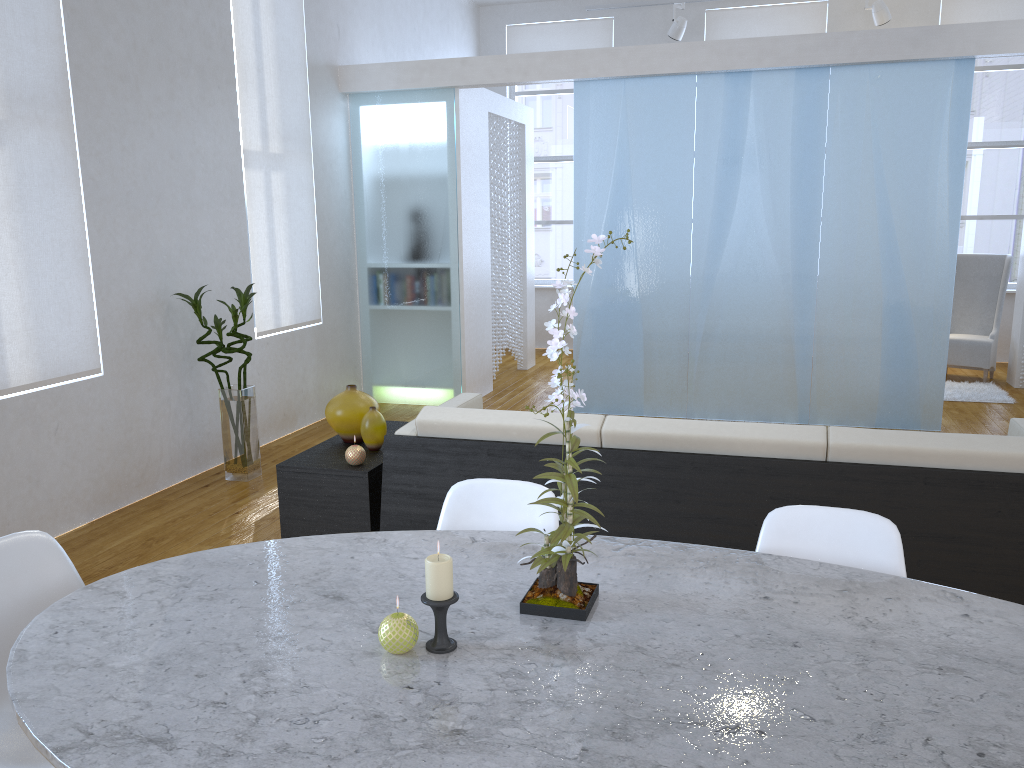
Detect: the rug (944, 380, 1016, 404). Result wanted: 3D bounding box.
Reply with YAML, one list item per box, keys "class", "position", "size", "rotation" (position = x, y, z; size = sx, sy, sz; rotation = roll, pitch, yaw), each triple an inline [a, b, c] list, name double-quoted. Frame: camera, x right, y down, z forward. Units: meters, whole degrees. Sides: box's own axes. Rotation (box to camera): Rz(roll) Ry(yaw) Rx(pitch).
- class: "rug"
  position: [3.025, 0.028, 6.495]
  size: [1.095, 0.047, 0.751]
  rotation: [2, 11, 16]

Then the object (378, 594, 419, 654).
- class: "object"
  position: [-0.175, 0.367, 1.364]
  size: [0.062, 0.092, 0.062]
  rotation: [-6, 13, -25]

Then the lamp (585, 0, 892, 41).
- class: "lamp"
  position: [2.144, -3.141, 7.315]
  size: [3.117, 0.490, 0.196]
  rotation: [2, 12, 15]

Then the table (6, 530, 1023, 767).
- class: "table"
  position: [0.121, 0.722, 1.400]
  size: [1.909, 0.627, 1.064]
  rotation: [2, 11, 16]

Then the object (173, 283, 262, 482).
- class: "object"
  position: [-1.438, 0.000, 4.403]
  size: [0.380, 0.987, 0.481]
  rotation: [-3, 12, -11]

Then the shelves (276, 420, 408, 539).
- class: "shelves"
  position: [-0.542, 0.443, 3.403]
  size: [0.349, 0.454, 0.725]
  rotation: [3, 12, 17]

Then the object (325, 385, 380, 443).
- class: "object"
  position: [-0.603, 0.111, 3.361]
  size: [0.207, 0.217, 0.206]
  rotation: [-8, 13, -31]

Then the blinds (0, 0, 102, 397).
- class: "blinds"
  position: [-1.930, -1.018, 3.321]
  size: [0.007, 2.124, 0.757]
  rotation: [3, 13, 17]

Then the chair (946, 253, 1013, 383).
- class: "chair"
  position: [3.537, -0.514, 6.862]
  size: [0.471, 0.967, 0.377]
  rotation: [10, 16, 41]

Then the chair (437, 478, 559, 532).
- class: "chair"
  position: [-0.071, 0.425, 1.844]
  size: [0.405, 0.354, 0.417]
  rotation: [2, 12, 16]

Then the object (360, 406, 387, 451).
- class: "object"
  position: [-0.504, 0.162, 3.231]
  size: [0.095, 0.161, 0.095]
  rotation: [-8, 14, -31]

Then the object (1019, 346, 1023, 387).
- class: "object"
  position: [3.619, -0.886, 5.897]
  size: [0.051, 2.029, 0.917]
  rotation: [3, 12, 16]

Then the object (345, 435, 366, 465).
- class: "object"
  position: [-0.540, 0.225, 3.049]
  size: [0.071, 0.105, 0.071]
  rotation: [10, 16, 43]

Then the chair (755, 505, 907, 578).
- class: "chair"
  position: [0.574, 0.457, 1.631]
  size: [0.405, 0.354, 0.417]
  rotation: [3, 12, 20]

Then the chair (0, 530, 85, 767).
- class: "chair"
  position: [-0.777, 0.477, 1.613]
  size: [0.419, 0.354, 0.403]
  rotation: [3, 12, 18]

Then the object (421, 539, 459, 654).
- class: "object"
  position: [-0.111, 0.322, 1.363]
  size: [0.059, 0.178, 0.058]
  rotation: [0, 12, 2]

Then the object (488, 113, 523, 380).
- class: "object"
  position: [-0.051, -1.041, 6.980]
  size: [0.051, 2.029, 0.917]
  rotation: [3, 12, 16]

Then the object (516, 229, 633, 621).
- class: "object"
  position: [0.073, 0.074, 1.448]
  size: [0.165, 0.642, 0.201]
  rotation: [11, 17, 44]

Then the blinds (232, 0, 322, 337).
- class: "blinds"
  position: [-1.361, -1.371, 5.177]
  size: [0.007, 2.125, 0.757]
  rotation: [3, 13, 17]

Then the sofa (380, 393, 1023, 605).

+-------+

Work task >> Lines from the one with "Then the object (488, 113, 523, 380)." through the last line of the listing above: return these exactly, and nothing else.

Solved problem >>
Then the object (488, 113, 523, 380).
- class: "object"
  position: [-0.051, -1.041, 6.980]
  size: [0.051, 2.029, 0.917]
  rotation: [3, 12, 16]

Then the object (516, 229, 633, 621).
- class: "object"
  position: [0.073, 0.074, 1.448]
  size: [0.165, 0.642, 0.201]
  rotation: [11, 17, 44]

Then the blinds (232, 0, 322, 337).
- class: "blinds"
  position: [-1.361, -1.371, 5.177]
  size: [0.007, 2.125, 0.757]
  rotation: [3, 13, 17]

Then the sofa (380, 393, 1023, 605).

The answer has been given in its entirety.